After more than twenty-five years in Valencia, we know which buildings have problems. We remember which streets flooded and when. We know which agents inflate prices by 15% as standard and we know which ones can be trusted to work with. We've sat in the community meetings and heard the arguments about the lift maintenance. We know what the town hall is planning before it hits the local newspaper.
We also hear about properties before they reach the portals. Owners who want to sell quietly, they don't want the neighbours to know. Off-market opportunities that never get photographed and listed. The kind of thing that only surfaces through local relationships built over decades.
None of that shows up on Idealista.
The Bottom Line
Use the portals by all means, they are an essential part of the puzzle but... use them to do your research. Use them to learn the neighbourhoods, to understand the pricing, to get excited about the possibilities. We genuinely encourage it, we'll even ask you to send us any favourites so we can see the type of things you are attracted to.
But when you're ready to actually buy, understand that those pretty pictures aren't showing you the full story. They can't. They're designed to generate enquiries, not to help you make good decisions. They don't include over 50% of the information you might need, and it's the important 50%+.
For that, you need someone on the ground who knows what questions to ask and, more importantly, what questions you don't yet know that you need to ask. That's what we do at Valencia Property, we are your guide.
Ready to have a proper conversation about buying in Valencia? Fill in the form below, tell us your budget and ideal neighbourhoods, and we’ll come back within 24 hours with realistic options and a plan for your first visit.
Property of the Week

A property that proves there are still a couple of great places out there, even if you do have to wade through some rubbish to find them. Still, not your problem, that’s what we’re here for.

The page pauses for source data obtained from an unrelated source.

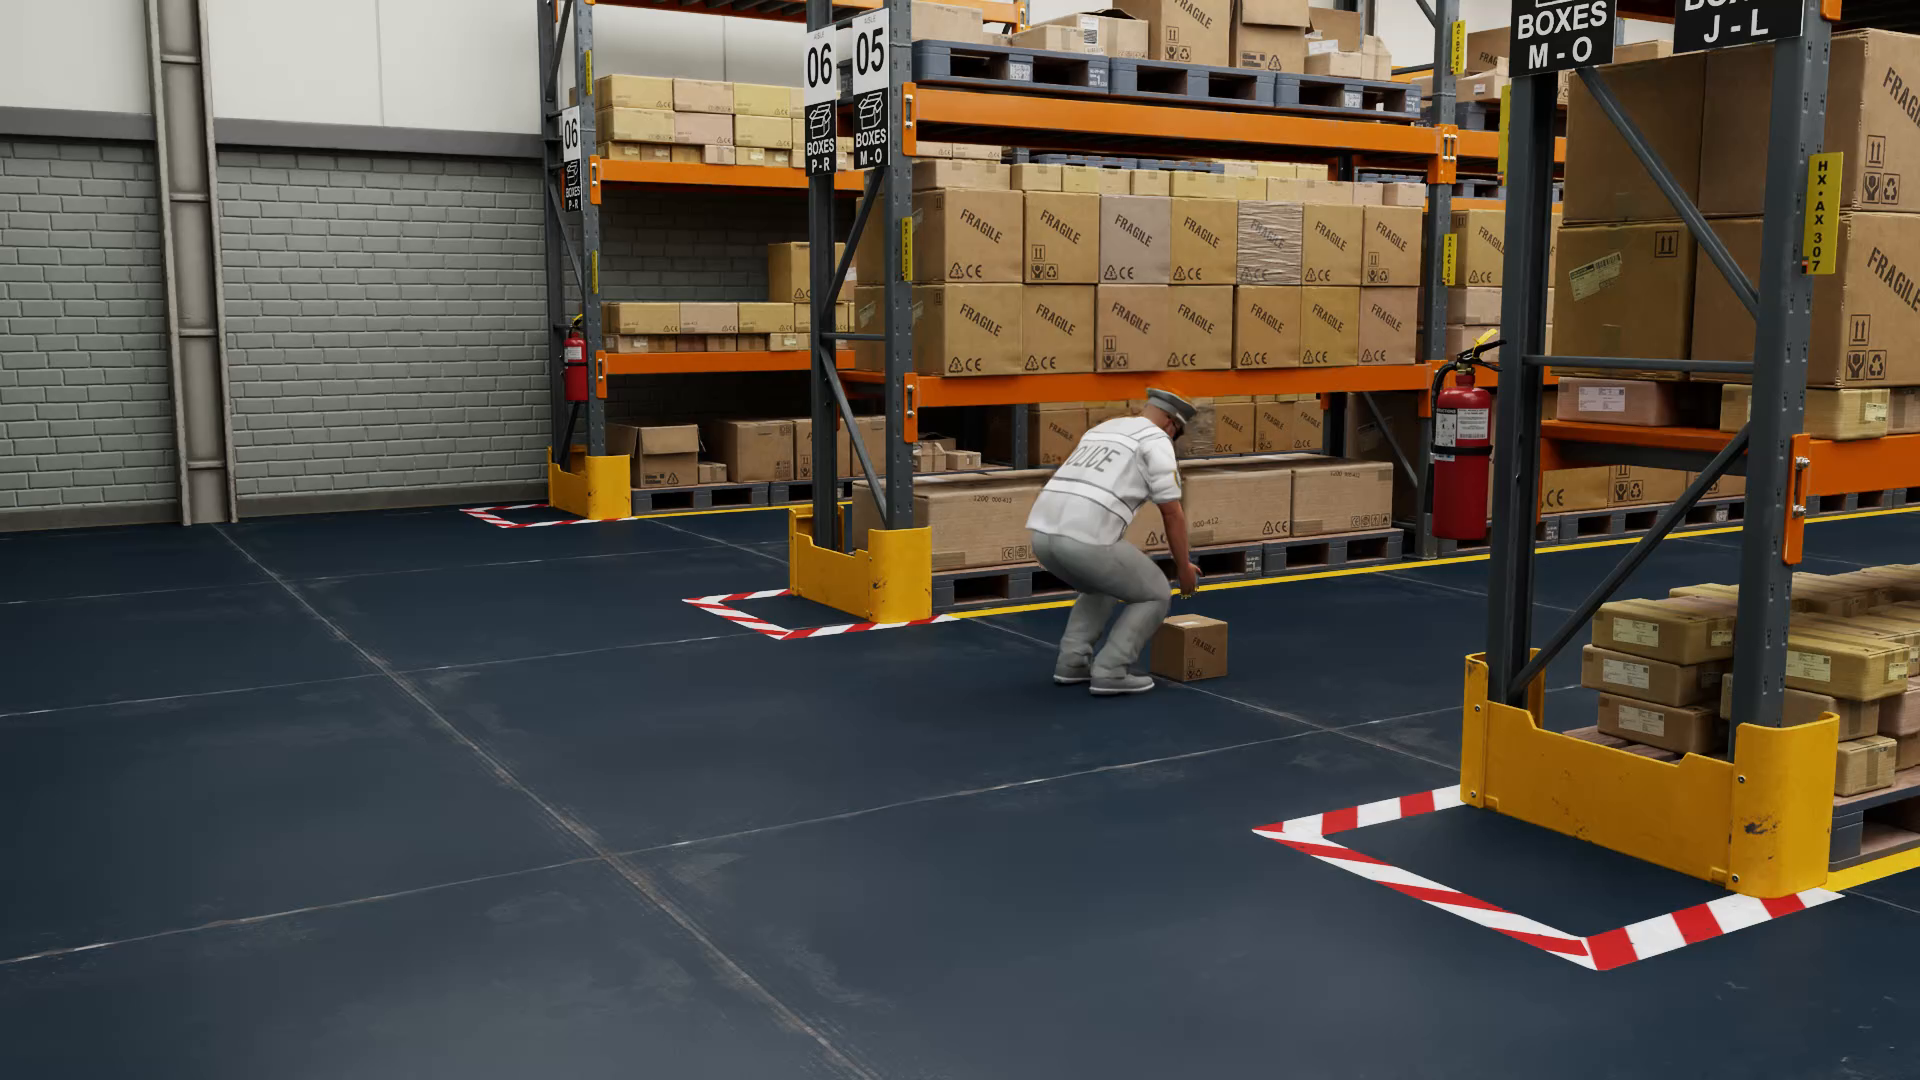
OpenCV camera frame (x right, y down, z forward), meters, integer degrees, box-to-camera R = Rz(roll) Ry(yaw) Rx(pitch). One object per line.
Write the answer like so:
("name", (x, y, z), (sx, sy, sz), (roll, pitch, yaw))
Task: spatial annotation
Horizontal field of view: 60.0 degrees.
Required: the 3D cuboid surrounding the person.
("person", (0.687, -0.005, 7.403), (0.855, 1.317, 0.588), (-5, 9, -31))
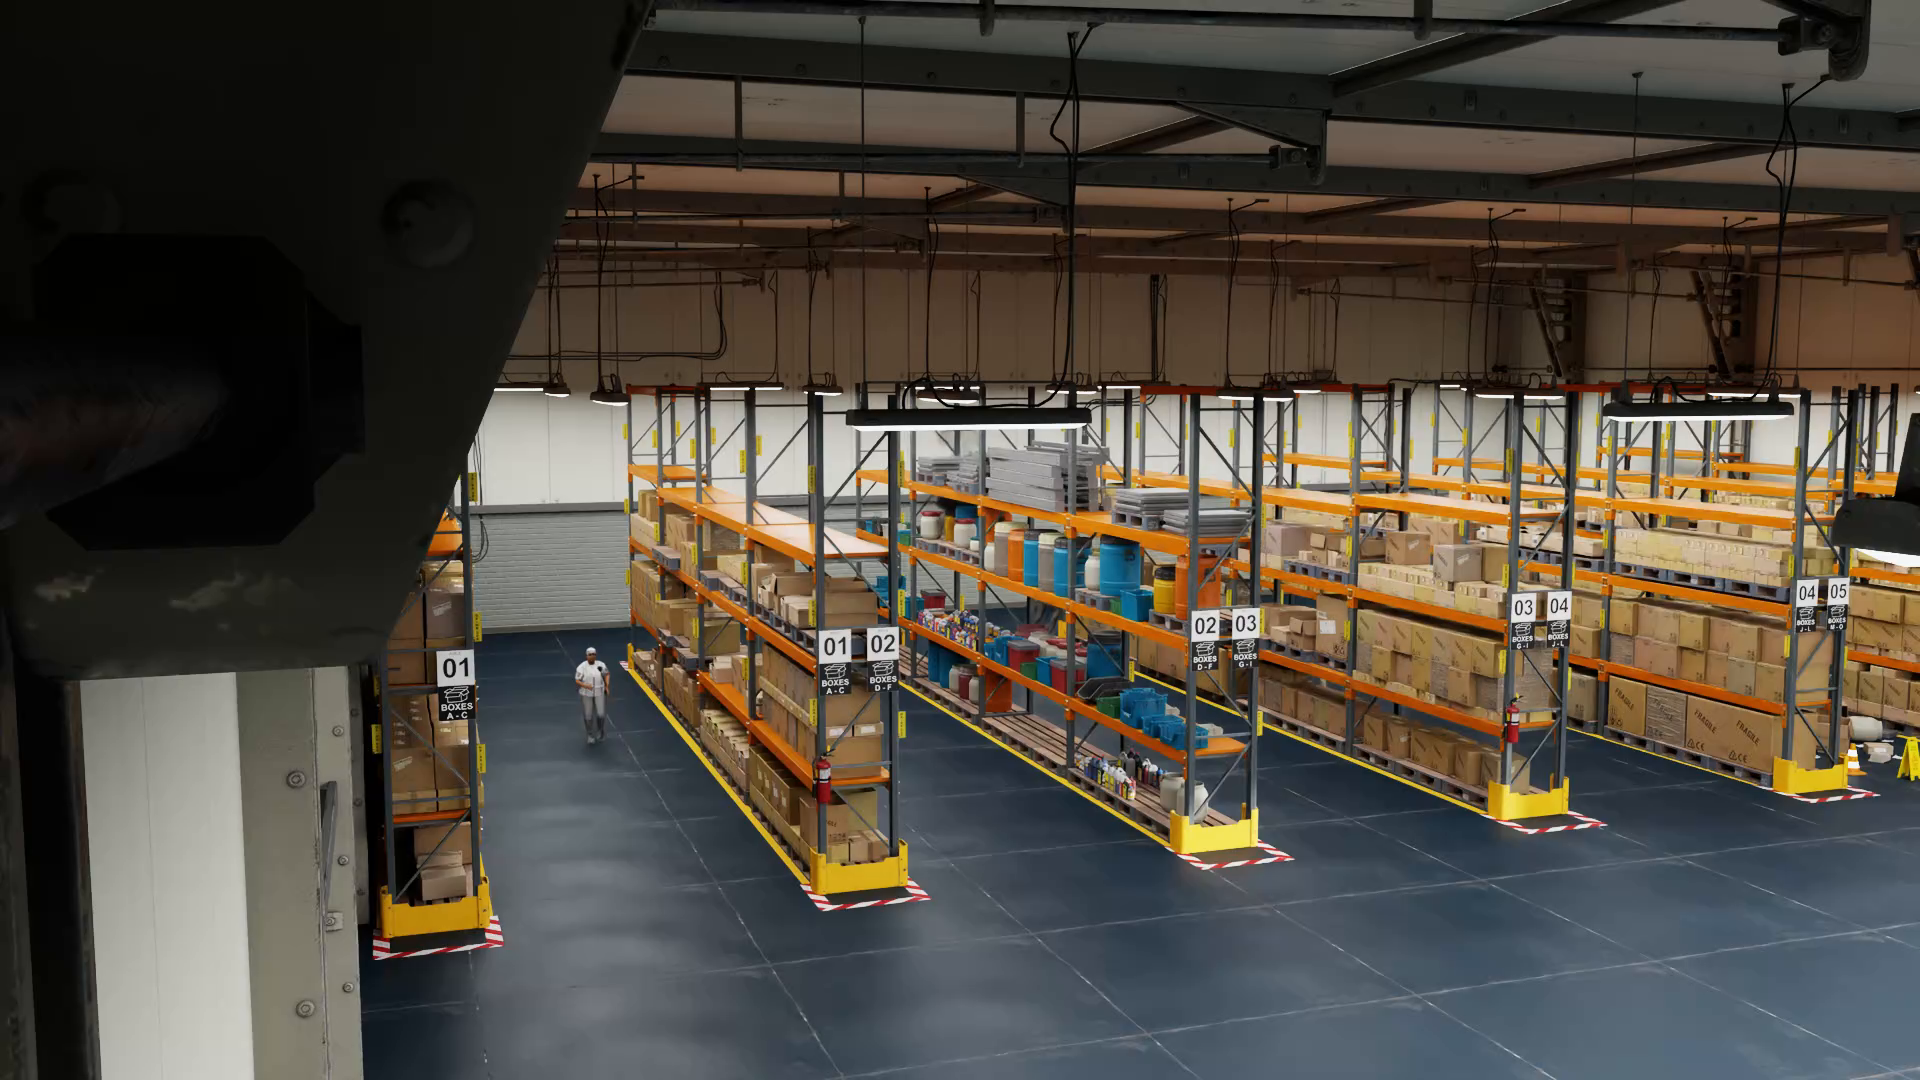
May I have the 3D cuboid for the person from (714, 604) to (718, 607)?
[{"bbox_3d":[-5.396,1.738,36.269,0.570,1.728,0.666,3,7,27],"label":"person"}]

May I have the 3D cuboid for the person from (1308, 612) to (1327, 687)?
[{"bbox_3d":[6.805,2.214,31.878,0.574,1.701,0.939,-2,6,-18],"label":"person"}]

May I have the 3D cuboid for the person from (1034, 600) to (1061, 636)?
[{"bbox_3d":[2.025,1.462,39.430,0.856,1.659,0.562,-2,6,-17],"label":"person"}]

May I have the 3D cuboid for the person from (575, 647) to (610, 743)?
[{"bbox_3d":[-6.178,2.625,28.038,0.591,1.629,0.577,-2,6,-17],"label":"person"}]

A top floor apartment in Carmen, but off the beaten track for tourists so nice and peaceful. And to be honest, you don’t really need to look through all the photos. Just check out the views from the terrace and the plan to see the potential that this penthouse has.
Currently 4 bedrooms, but a complete renovation is required here. Fortunately we have already had our Valencia Remodels team look at this, so we know exactly what is possible. My own preference would be to lose the small master bathroom, open instead from the main bedroom to the existing shared bathroom. Then open up all of the front bedroom, the living room and the kitchen, taking some of the kitchen space for a new second bathroom. There is even the option to put a second window in the main bedroom and another in the living room.
Leaving you with a large main bedroom with master bathroom, a decent sized second bedroom and a third bedroom/office space/dressing room. The kitchen living area would be over 50m2, and that still leaves the amazing west-facing terrace of 35m2. Oh yeah, and there is a garage space included in the price, in the same building.
The rough estimate for all of this work would be €120,000. From there you can move up or down depending on your choice of materials. The finished property will already be worth a lot more than that. I know because the property immediately next door, practically a mirror image of this one is on sale for €750.000, and it still needs quite a bit of work to modernise it. We won't be listing that one.
Like I said, its not about the photos, its about the numbers and your own vision for your new home in Valencia. And the downpipes obviously.
Stepping Stone Rental of the Week

Welcome to Miramar Cabanyal: La Casa. Located on Doctor Lluch in Cabanyal, this fully renovated apartment offers easy, modern living just a 10-minute walk from the beach. It’s one of two apartments side by side, and the larger of the two.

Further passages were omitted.